I've been trying to get the development-sources and mm-sources kernels to work on my A7N8X, but the USB options seem to be causing problems. I've selected the OHCI option like I do in ac-sources, but on bootup, it gets to the point where it checks for USB devices and just stops there, with no error message. Has anyone got this working on their nForce2?

----------

## RagManX

Same here.  I've tried everything I can think of.  I even compiled a kernel with the filesystems I needed to boot (reiserfs, ext2, /dev), and nothing else except what is required to boot.  I think the problem is not the USB options, but whatever loads next.  I disabled SCSI, CD-ROM, Power Management, PlugNPlay, USB, Sound, Networking, and everything else I could think of.  But I still consistently lock after IDE detection and USB (when it is enabled).  I'd love to get this working, as full operation of Gentoo on my new A7N8X board is all that keeps me from retiring my old system and turning parts over for upgrading my wife's system.

RagManX

----------

## zarq

Strange. 2.5.66 worked perfectly here, although I ran into stability issues with X hard locking everything whenever it started for the second time after boot and had to revert to 2.4.x. Might be related to me having a GeForce4 card and an AMD CPU, from what I understand. I'll be trying it again with the latest NVidia driver and minion.de-patch soon, probably tonight.

Anyway, you can grab a config that worked for me here:

http://opaque.org/stable-2.5.66-config

I think a lot of stuff was compiled into the kernel instead of as modules there, though. I know I changed it later on with no problems, but that was the only config I saved.
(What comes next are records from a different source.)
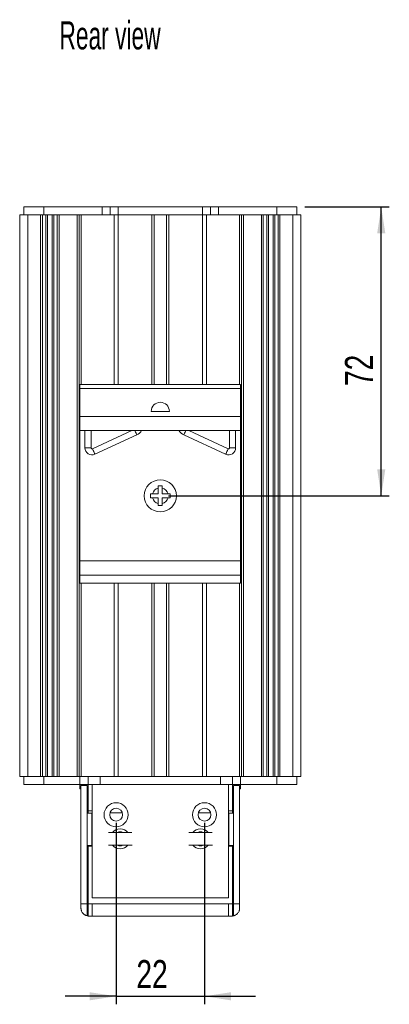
# Model space of a CAD drawing. Header units: millimetres. Extents: x 80 to 504, y 55 to 399.
# Tile 3 of 3: x 412 to 504, y 154 to 399. Entities that reach past the tile are written whole.
import ezdxf

# ---------------------------------------------------------------- set-up
doc = ezdxf.new("R2010")
doc.units = ezdxf.units.MM
doc.header["$LTSCALE"] = 2
doc.layers.add('AA', color=7, linetype='Continuous')
doc.styles.add('SLDTEXTSTYLE0', font='TXT', dxfattribs={"width": 0.605})
doc.styles.add('SLDTEXTSTYLE1', font='TXT', dxfattribs={"width": 0.75})
doc.dimstyles.new('SLDDIMSTYLE0', dxfattribs={"dimtxt": 7, "dimasz": 6.604, "dimexe": 0, "dimexo": 0.0625, "dimgap": 1.75, "dimtad": 1, "dimrnd": 1e-09, "dimzin": 12, "dimdsep": 46, "dimtxsty": 'SLDTEXTSTYLE1', "dimsah": 1, "dimcen": 0.09, "dimadec": 0, "dimazin": 3, "dimtfac": 1, "dimtofl": 0, "dimtmove": 0, "dimatfit": 3, "dimfxl": 1, "dimfrac": 2, "dimtolj": 1, "dimtzin": 12, "dimarcsym": 0})
doc.dimstyles.new('SLDDIMSTYLE1', dxfattribs={"dimtxt": 7, "dimasz": 6.604, "dimexe": 0, "dimexo": 0.0625, "dimgap": 1.75, "dimtad": 1, "dimrnd": 1e-09, "dimzin": 12, "dimdsep": 46, "dimtxsty": 'SLDTEXTSTYLE1', "dimsah": 1, "dimcen": 0.09, "dimadec": 0, "dimazin": 3, "dimtfac": 1, "dimtmove": 0, "dimatfit": 0, "dimfxl": 1, "dimfrac": 2, "dimtolj": 1, "dimtzin": 12, "dimarcsym": 0})

# ---------------------------------------------------------------- blocks, each defined once
blk = doc.blocks.new('*D9')
at = {"layer": 'AA', "color": 7}
for p, q in [((483.04, 352.53), (504.04, 352.53)), ((502.04, 280.53), (502.04, 352.53)), ((449.04, 280.53), (504.04, 280.53))]:
    blk.add_line(p, q, dxfattribs=at)
for points in [[(502.04, 352.53), (501.02, 345.93), (503.05, 345.93)], [(502.04, 280.53), (503.05, 287.14), (501.02, 287.14)]]:
    blk.add_solid(points, dxfattribs=at)
at = {"layer": 'AA', "color": 7, "insert": (493.01, 307.89, 20), "char_height": 7, "attachment_point": 1, "rotation": 90, "style": 'SLDTEXTSTYLE1'}
blk.add_mtext('72', dxfattribs=at)
blk = doc.blocks.new('*D10')
at = {"layer": 'AA', "color": 7}
for p, q in [((436.04, 199.03), (436.04, 153.78)), ((458.04, 199.03), (458.04, 153.78)), ((436.04, 155.78), (423.34, 155.78)), ((436.04, 155.78), (458.04, 155.78)), ((458.04, 155.78), (470.74, 155.78))]:
    blk.add_line(p, q, dxfattribs=at)
for points in [[(436.04, 155.78), (429.43, 156.79), (429.43, 154.76)], [(458.04, 155.78), (464.64, 154.76), (464.64, 156.79)]]:
    blk.add_solid(points, dxfattribs=at)
at = {"layer": 'AA', "color": 7, "insert": (441.07, 164.8, 20), "char_height": 7, "attachment_point": 1, "style": 'SLDTEXTSTYLE1'}
blk.add_mtext('22', dxfattribs=at)

msp = doc.modelspace()

# ---------------------------------------------------------------- linework, layer by layer
at = {"color": 7, "linetype": 'Continuous', "lineweight": 15}
for p, q in [((413.037, 350.531), (413.037, 352.531)), ((418.037, 352.531), (413.037, 352.531)), ((418.037, 352.531), (418.037, 350.531)), ((432.537, 352.531), (418.037, 352.531)), ((432.537, 350.531), (432.537, 352.531)), ((432.537, 352.531), (434.537, 352.531)), ((434.537, 350.531), (434.537, 352.531)), ((436.537, 352.531), (434.537, 352.531)), ((436.537, 350.531), (436.537, 352.531)), ((457.537, 352.531), (436.537, 352.531)), ((457.537, 350.531), (457.537, 352.531)), ((459.537, 352.531), (457.537, 352.531)), ((459.537, 350.531), (459.537, 352.531)), ((459.537, 352.531), (461.537, 352.531)), ((461.537, 352.531), (461.537, 350.531)), ((476.037, 352.531), (461.537, 352.531)), ((476.037, 350.531), (476.037, 352.531)), ((481.037, 352.531), (476.037, 352.531)), ((481.037, 350.531), (481.037, 352.531)), ((412.037, 350.531), (414.037, 350.531)), ((412.037, 210.531), (412.037, 350.531)), ((414.037, 210.531), (414.037, 350.531)), ((414.037, 350.531), (417.248, 350.531)), ((417.248, 210.531), (417.248, 350.531)), ((417.681, 350.531), (417.248, 350.531)), ((417.681, 210.531), (417.681, 350.531)), ((418.547, 350.531), (417.681, 350.531)), ((418.547, 210.531), (418.547, 350.531)), ((418.547, 350.531), (418.98, 350.531)), ((418.98, 350.531), (418.98, 210.531)), ((420.093, 350.531), (418.98, 350.531)), ((420.093, 210.531), (420.093, 350.531)), ((420.093, 350.531), (420.526, 350.531)), ((420.526, 350.531), (420.526, 210.531)), ((421.392, 350.531), (420.526, 350.531)), ((421.392, 350.531), (421.392, 210.531)), ((421.825, 350.531), (421.392, 350.531)), ((421.825, 350.531), (421.825, 210.531)), ((421.825, 350.531), (426.337, 350.531)), ((426.337, 210.531), (426.337, 350.531)), ((426.837, 350.531), (426.337, 350.531)), ((426.837, 210.531), (426.837, 350.531)), ((426.837, 350.531), (427.337, 350.531)), ((427.337, 350.531), (435.537, 350.531)), ((435.537, 308.281), (435.537, 350.531)), ((436.537, 350.531), (435.537, 350.531)), ((436.537, 350.531), (436.537, 308.281)), ((436.537, 350.531), (444.937, 350.531)), ((444.937, 308.281), (444.937, 350.531)), ((445.487, 350.531), (444.937, 350.531)), ((445.487, 308.281), (445.487, 350.531)), ((445.487, 350.531), (446.192, 350.531)), ((447.881, 350.531), (446.192, 350.531)), ((447.881, 350.531), (448.587, 350.531)), ((448.587, 350.531), (448.587, 308.281)), ((449.137, 350.531), (448.587, 350.531)), ((449.137, 350.531), (449.137, 308.281)), ((449.137, 350.531), (457.537, 350.531)), ((457.537, 308.281), (457.537, 350.531)), ((458.537, 350.531), (457.537, 350.531)), ((458.537, 350.531), (458.537, 308.281)), ((458.537, 350.531), (466.737, 350.531)), ((466.737, 350.531), (467.237, 350.531)), ((467.237, 350.531), (467.237, 210.531)), ((467.737, 350.531), (467.237, 350.531)), ((467.737, 350.531), (467.737, 210.531)), ((467.737, 350.531), (472.248, 350.531)), ((472.248, 210.531), (472.248, 350.531)), ((472.681, 350.531), (472.248, 350.531)), ((472.681, 210.531), (472.681, 350.531)), ((473.547, 350.531), (472.681, 350.531)), ((473.547, 210.531), (473.547, 350.531)), ((473.547, 350.531), (473.98, 350.531)), ((473.98, 350.531), (473.98, 210.531)), ((475.093, 350.531), (473.98, 350.531)), ((475.093, 210.531), (475.093, 350.531)), ((475.093, 350.531), (475.526, 350.531)), ((475.526, 350.531), (475.526, 210.531)), ((476.392, 350.531), (475.526, 350.531)), ((476.392, 350.531), (476.392, 210.531)), ((476.825, 350.531), (476.392, 350.531)), ((476.825, 350.531), (476.825, 210.531)), ((476.825, 350.531), (480.037, 350.531)), ((480.037, 210.531), (480.037, 350.531)), ((480.037, 350.531), (482.037, 350.531)), ((482.037, 210.531), (482.037, 350.531)), ((427.037, 308.281), (467.037, 308.281)), ((427.037, 308.281), (427.037, 307.281)), ((467.037, 307.281), (427.037, 307.281)), ((427.037, 300.281), (427.037, 307.281)), ((467.037, 307.281), (467.037, 308.281)), ((467.037, 307.281), (467.037, 300.281)), ((427.037, 296.781), (427.037, 300.281)), ((467.037, 300.281), (427.037, 300.281)), ((449.287, 301.581), (444.787, 301.581)), ((467.037, 300.281), (467.037, 296.781)), ((467.037, 296.781), (427.037, 296.781)), ((427.037, 264.281), (427.037, 296.781)), ((428.287, 296.781), (428.287, 292.494)), ((429.787, 292.494), (429.787, 296.781)), ((439.922, 296.781), (430.141, 292.267)), ((430.77, 290.905), (441.189, 295.714)), ((452.884, 295.714), (463.303, 290.905)), ((463.932, 292.267), (454.151, 296.781)), ((464.287, 296.781), (464.287, 292.494)), ((465.787, 292.494), (465.787, 296.781)), ((467.037, 296.781), (467.037, 264.281)), ((446.537, 282.468), (446.537, 281.031)), ((447.537, 281.031), (447.537, 282.468)), ((446.537, 281.031), (445.1, 281.031)), ((445.1, 280.031), (446.537, 280.031)), ((446.537, 280.031), (446.537, 278.595)), ((448.973, 281.031), (447.537, 281.031)), ((447.537, 278.595), (447.537, 280.031)), ((448.973, 280.031), (447.537, 280.031)), ((467.037, 264.281), (427.037, 264.281)), ((427.037, 260.781), (427.037, 264.281)), ((467.037, 264.281), (467.037, 260.781)), ((467.037, 260.781), (427.037, 260.781)), ((427.037, 258.781), (427.037, 260.781)), ((467.037, 260.781), (467.037, 258.781)), ((467.037, 258.781), (427.037, 258.781)), ((435.537, 210.531), (435.537, 258.781)), ((436.537, 258.781), (436.537, 210.531)), ((444.937, 210.531), (444.937, 258.781)), ((445.487, 210.531), (445.487, 258.781)), ((448.587, 258.781), (448.587, 210.531)), ((449.137, 258.781), (449.137, 210.531)), ((457.537, 210.531), (457.537, 258.781)), ((458.537, 258.781), (458.537, 210.531)), ((414.037, 210.531), (412.037, 210.531)), ((413.037, 210.531), (413.037, 208.531)), ((417.248, 210.531), (414.037, 210.531)), ((417.248, 210.531), (417.681, 210.531)), ((417.681, 210.531), (418.547, 210.531)), ((418.037, 210.531), (418.037, 208.531)), ((418.98, 210.531), (418.547, 210.531)), ((418.98, 210.531), (420.093, 210.531)), ((420.526, 210.531), (420.093, 210.531)), ((420.526, 210.531), (421.392, 210.531)), ((421.392, 210.531), (421.825, 210.531)), ((426.337, 210.531), (421.825, 210.531)), ((426.337, 210.531), (426.837, 210.531)), ((427.337, 210.531), (426.837, 210.531)), ((427.037, 208.531), (427.037, 210.531)), ((435.537, 210.531), (427.337, 210.531)), ((429.037, 210.531), (429.037, 208.531)), ((432.037, 208.531), (432.037, 210.531)), ((435.537, 210.531), (436.537, 210.531)), ((444.937, 210.531), (436.537, 210.531)), ((444.937, 210.531), (445.487, 210.531)), ((446.192, 210.531), (445.487, 210.531)), ((447.881, 210.531), (446.192, 210.531)), ((448.587, 210.531), (447.881, 210.531)), ((448.587, 210.531), (449.137, 210.531)), ((457.537, 210.531), (449.137, 210.531)), ((457.537, 210.531), (458.537, 210.531)), ((466.737, 210.531), (458.537, 210.531)), ((462.037, 208.531), (462.037, 210.531)), ((465.037, 208.531), (465.037, 210.531)), ((467.237, 210.531), (466.737, 210.531)), ((467.037, 210.531), (467.037, 208.531)), ((467.237, 210.531), (467.737, 210.531)), ((472.248, 210.531), (467.737, 210.531)), ((472.248, 210.531), (472.681, 210.531)), ((472.681, 210.531), (473.547, 210.531)), ((473.98, 210.531), (473.547, 210.531)), ((473.98, 210.531), (475.093, 210.531)), ((475.526, 210.531), (475.093, 210.531)), ((475.526, 210.531), (476.392, 210.531)), ((476.037, 208.531), (476.037, 210.531)), ((476.392, 210.531), (476.825, 210.531)), ((480.037, 210.531), (476.825, 210.531)), ((482.037, 210.531), (480.037, 210.531)), ((481.037, 210.531), (481.037, 208.531)), ((418.037, 208.531), (413.037, 208.531)), ((427.037, 208.531), (418.037, 208.531)), ((429.037, 208.531), (427.037, 208.531)), ((427.037, 208.231), (427.037, 208.531)), ((427.037, 208.231), (427.037, 207.49)), ((427.287, 208.231), (427.037, 208.231)), ((428.787, 208.281), (427.287, 208.281)), ((427.287, 178.781), (427.287, 208.281)), ((428.787, 208.281), (428.787, 201.381)), ((429.037, 208.231), (428.787, 208.231)), ((428.787, 207.862), (429.037, 207.862)), ((428.787, 206.381), (429.037, 206.381)), ((432.037, 208.531), (429.037, 208.531)), ((429.037, 202.031), (429.037, 208.531)), ((430.037, 202.031), (430.037, 208.531)), ((462.037, 208.531), (432.037, 208.531)), ((465.037, 208.531), (462.037, 208.531)), ((464.037, 208.531), (464.037, 202.031)), ((465.037, 208.531), (465.037, 202.031)), ((467.037, 208.531), (465.037, 208.531)), ((465.287, 208.231), (465.037, 208.231)), ((465.037, 207.862), (465.287, 207.862)), ((465.037, 206.381), (465.287, 206.381)), ((465.287, 201.381), (465.287, 208.281)), ((466.787, 208.281), (465.287, 208.281)), ((466.787, 208.281), (466.787, 178.781)), ((467.037, 208.231), (466.787, 208.231)), ((467.037, 208.231), (467.037, 208.531)), ((476.037, 208.531), (467.037, 208.531)), ((467.037, 207.49), (467.037, 208.231)), ((481.037, 208.531), (476.037, 208.531)), ((428.787, 193.381), (428.787, 201.381)), ((428.787, 201.381), (429.987, 201.381)), ((429.037, 202.031), (430.037, 202.031)), ((429.037, 201.381), (429.037, 202.031)), ((429.987, 193.381), (429.987, 201.381)), ((430.037, 193.231), (430.037, 202.031)), ((437.556, 201.531), (434.517, 201.531)), ((459.556, 201.531), (456.517, 201.531)), ((465.037, 202.031), (464.037, 202.031)), ((464.037, 202.031), (464.037, 193.231)), ((464.087, 201.381), (464.087, 193.381)), ((464.087, 201.381), (465.287, 201.381)), ((465.037, 202.031), (465.037, 201.381)), ((465.287, 201.381), (465.287, 193.381)), ((439.945, 196.631), (434.128, 196.631)), ((459.945, 196.631), (454.128, 196.631)), ((428.787, 193.381), (428.787, 178.781)), ((429.987, 193.381), (428.787, 193.381)), ((429.037, 193.231), (429.037, 193.381)), ((429.037, 178.781), (429.037, 193.231)), ((429.037, 193.231), (430.037, 193.231)), ((430.037, 180.281), (430.037, 193.231)), ((434.128, 193.431), (440.037, 193.431)), ((454.128, 193.431), (460.037, 193.431)), ((464.037, 193.231), (464.037, 180.281)), ((465.037, 193.231), (464.037, 193.231)), ((465.287, 193.381), (464.087, 193.381)), ((465.037, 193.381), (465.037, 193.231)), ((465.037, 193.231), (465.037, 178.781)), ((465.287, 178.781), (465.287, 193.381)), ((464.037, 180.281), (430.037, 180.281)), ((427.287, 177.781), (427.287, 178.781)), ((428.787, 178.781), (427.287, 178.781)), ((428.787, 178.781), (428.787, 177.281)), ((428.787, 175.845), (428.787, 177.281)), ((428.787, 177.281), (429.037, 177.281)), ((429.037, 178.781), (430.037, 178.781)), ((429.037, 175.781), (429.037, 178.781)), ((430.037, 178.781), (464.037, 178.781)), ((430.037, 175.781), (430.037, 178.781)), ((464.037, 178.781), (465.037, 178.781)), ((464.037, 178.781), (464.037, 175.781)), ((465.037, 178.781), (465.037, 175.781)), ((465.037, 177.281), (465.287, 177.281)), ((465.287, 177.281), (465.287, 178.781)), ((465.287, 178.781), (466.787, 178.781)), ((465.287, 177.281), (465.287, 175.845)), ((466.787, 178.781), (466.787, 177.781)), ((428.787, 175.845), (429.037, 175.813)), ((430.037, 175.781), (429.037, 175.781)), ((464.037, 175.781), (430.037, 175.781)), ((464.037, 175.781), (465.037, 175.781)), ((465.037, 175.813), (465.287, 175.845))]:
    msp.add_line(p, q, dxfattribs=at)
at = {"color": 8, "linetype": 'Continuous', "lineweight": 15}
for p, q in [((427.337, 350.531), (427.337, 308.281)), ((466.737, 308.281), (466.737, 350.531)), ((429.787, 292.494), (428.287, 292.494)), ((465.787, 292.494), (464.287, 292.494)), ((427.337, 258.781), (427.337, 210.531)), ((466.737, 210.531), (466.737, 258.781))]:
    msp.add_line(p, q, dxfattribs=at)
at = {"color": 8, "linetype": 'Continuous', "lineweight": 15, "flags": 128}
for points in [[(440.696, 296.781), (440.754, 296.656), (440.875, 296.395), (440.995, 296.134), (441.097, 295.914), (441.165, 295.766), (441.189, 295.714)], [(453.377, 296.781), (453.319, 296.656), (453.198, 296.395), (453.078, 296.134), (452.976, 295.914), (452.908, 295.766), (452.884, 295.714)], [(430.141, 292.267), (430.165, 292.215), (430.233, 292.068), (430.335, 291.847), (430.456, 291.586), (430.576, 291.326), (430.678, 291.105), (430.746, 290.957), (430.77, 290.905), (430.77, 290.905)], [(463.303, 290.905), (463.327, 290.957), (463.395, 291.105), (463.497, 291.326), (463.617, 291.586), (463.738, 291.847), (463.84, 292.068), (463.908, 292.215), (463.932, 292.267)]]:
    msp.add_lwpolyline(points, dxfattribs=at)
at = {"color": 7, "linetype": 'Continuous', "lineweight": 15}
for centre, radius in [((447.037, 280.531), 4), ((436.037, 201.031), 3), ((458.037, 201.031), 3), ((436.037, 201.031), 1.6), ((458.037, 201.031), 1.6)]:
    msp.add_circle(centre, radius, dxfattribs=at)
for centre, radius, start, end in [((447.037, 301.581), 2.25, 0, 180), ((440.037, 298.211), 2.75, 294.77514, 328.67592), ((454.037, 298.211), 2.75, 211.32408, 245.22486), ((430.037, 292.494), 1.75, 180, 294.77514), ((430.037, 292.494), 0.25, 180, 294.77514), ((464.037, 292.494), 1.75, 245.22486, 0), ((464.037, 292.494), 0.25, 245.22486, 360), ((447.037, 280.531), 2, 104.47751, 165.52249), ((447.037, 280.531), 2, 14.47751, 75.52249), ((447.037, 280.531), 2, 194.47751, 255.52249), ((447.037, 280.531), 2, 284.47751, 345.52249), ((437.037, 195.031), 2.5, 39.79182, 140.20818), ((437.037, 195.031), 1.75, 66.10449, 113.89551), ((457.037, 195.031), 2.5, 39.79182, 140.20818), ((457.037, 195.031), 1.75, 66.10449, 113.89551), ((437.037, 195.031), 2.5, 219.79182, 320.20818), ((437.037, 195.031), 1.75, 246.10449, 293.89551), ((457.037, 195.031), 2.5, 219.79182, 320.20818), ((457.037, 195.031), 1.75, 246.10449, 293.89551)]:
    msp.add_arc(centre, radius, start, end, dxfattribs=at)
for centre, start_param, end_param in [((428.537, 207.49), 3.1415927, 3.7272782), ((465.537, 207.49), 5.6974998, 6.2831853)]:
    msp.add_ellipse(centre, major_axis=(1.5, 0), ratio=0.0390244, start_param=start_param, end_param=end_param, dxfattribs=at)
for points in [[(447.537, 282.981), (447.203, 282.981), (446.87, 282.981), (446.537, 282.981)], [(446.537, 282.981), (446.537, 282.81), (446.537, 282.639), (446.537, 282.468)], [(447.537, 282.468), (447.537, 282.639), (447.537, 282.81), (447.537, 282.981)], [(444.587, 280.031), (444.587, 280.365), (444.587, 280.698), (444.587, 281.031)], [(445.1, 281.031), (444.929, 281.031), (444.758, 281.031), (444.587, 281.031)], [(444.587, 280.031), (444.758, 280.031), (444.929, 280.031), (445.1, 280.031)], [(449.486, 281.031), (449.315, 281.031), (449.144, 281.031), (448.973, 281.031)], [(448.973, 280.031), (449.144, 280.031), (449.315, 280.031), (449.486, 280.031)], [(449.486, 281.031), (449.486, 280.698), (449.486, 280.365), (449.486, 280.031)], [(446.537, 278.595), (446.537, 278.424), (446.537, 278.253), (446.537, 278.082)], [(446.537, 278.082), (446.87, 278.082), (447.203, 278.082), (447.537, 278.082)], [(447.537, 278.082), (447.537, 278.253), (447.537, 278.424), (447.537, 278.595)]]:
    msp.add_open_spline(points, degree=3, dxfattribs=at)
for points, knots in [([(427.287, 177.781), (427.287, 177.738), (427.289, 177.653), (427.302, 177.526), (427.322, 177.399), (427.35, 177.275), (427.406, 177.086), (427.51, 176.842), (427.693, 176.558), (427.92, 176.307), (428.158, 176.122), (428.382, 175.993), (428.578, 175.906), (428.718, 175.865), (428.787, 175.845)], [0, 0, 0, 0, 0.0550166, 0.1095707, 0.1637759, 0.2177477, 0.2716033, 0.4104767, 0.544096, 0.6710489, 0.7909949, 0.8630963, 0.9323691, 1, 1, 1, 1]), ([(465.287, 175.845), (465.321, 175.854), (465.391, 175.873), (465.492, 175.909), (465.59, 175.949), (465.687, 175.994), (465.781, 176.045), (465.941, 176.143), (466.153, 176.307), (466.38, 176.557), (466.563, 176.842), (466.678, 177.113), (466.745, 177.358), (466.78, 177.568), (466.784, 177.71), (466.787, 177.781)], [0, 0, 0, 0, 0.0336654, 0.0676009, 0.1019639, 0.1369063, 0.1725723, 0.2090979, 0.3288751, 0.4559809, 0.5894338, 0.7284559, 0.8181826, 0.9085186, 1, 1, 1, 1])]:
    msp.add_open_spline(points, degree=3, knots=knots, dxfattribs=at)

# ---------------------------------------------------------------- texts
at = {"layer": 'AA', "color": 7, "insert": (421.929, 398.807), "char_height": 7, "attachment_point": 1, "style": 'SLDTEXTSTYLE0'}
msp.add_mtext('Rear view', dxfattribs=at)

# ---------------------------------------------------------------- dimensions: what is measured, and where the dimension line sits
at = {"layer": 'AA', "color": 7}
dim = msp.add_linear_dim(base=(502.037, 352.531), p1=(447.037, 280.531), p2=(481.037, 352.531), angle=90, dimstyle='SLDDIMSTYLE0', dxfattribs=at)
dim.commit()
dim.dimension.update_dxf_attribs({"geometry": '*D9', "text_midpoint": (502.037, 315.909), "dimtype": 160})
dim = msp.add_linear_dim(base=(458.037, 155.775), p1=(436.037, 201.031), p2=(458.037, 201.031), dimstyle='SLDDIMSTYLE1', dxfattribs=at)
dim.commit()
dim.dimension.update_dxf_attribs({"geometry": '*D10', "text_midpoint": (449.091, 155.775), "dimtype": 160})

doc.saveas('drawing.dxf')

Note that no onboard network or audio devices are enabled -- I don't use those. USB keyboard, mouse and camera worked perfectly, though.

----------

## Wedge_

I'll try that config just now. I'm not using onboard audio or network either at the moment. I'll post back once I've tried it.

Edit: Several kernel compiles later.... The first thing I tried was zarqs config, which did boot properly  :Smile:  I tried turning on some of the stuff that wasn't enabled but which I usually have, and found that adding ACPI support made it freeze in the same way as before. I've got all the other options I usually use enabled, and although my modem won't work with it for some reason, everything else seems fine.

----------

## zarq

Good to hear that.  :Smile: 

And that would make sense. Stay away from ACPI for now.

I read somewhere that enabling IO-APIC wasn't too healthy either, but I haven't tried that. To be honest, I'm not even quite sure what it does, but from what little I've read about people trying to get it to work, it seems like it might give some kind of performance gain, even on 1-CPU machines. Not sure. (If anyone knows, please tell me!)

And searching for information, I also quickly discovered that I'm not the only one who gets ACPI and APIC confused...  :Smile: 

----------

## nigelhannam

Hhhmmm.....

I've got an A7N8X Deluxe, and had a few problems initially - they all seemed to come down to IRQ issues.

After a bit of messing around, my BIOS settings are pretty much back to default settings, and I pass the kernel parameter "pci=noacpi" which fixed my problems.  The Nforce network card doesnt work now - doesn't compile under the dev kernel, but (alsa) sound, usb and the other NIC all work ok.

----------

## RagManX

Just an update.  I can now boot with the latest dev kernel (2.5.68, I believe), but my keyboard doesn't work.  I've got a USB keyboard, and have enabled HID support in the kernel config, but for some reason my keyboard doesn't work.  It works at the grub boot screen, but by the time the system is fully booted, I no longer have use of my keyboard.  Tonight or tomorrow when I have a little time, I'll hook up a PS/2 keyboard and see if I can figure out why it isn't working.

RagManX

----------

## Wedge_

The 2.5.68-mm1 kernel works fine for me. I haven't tried ACPI support again to see if it works yet. I don't have USB keyboard, but my USB mouse works.

----------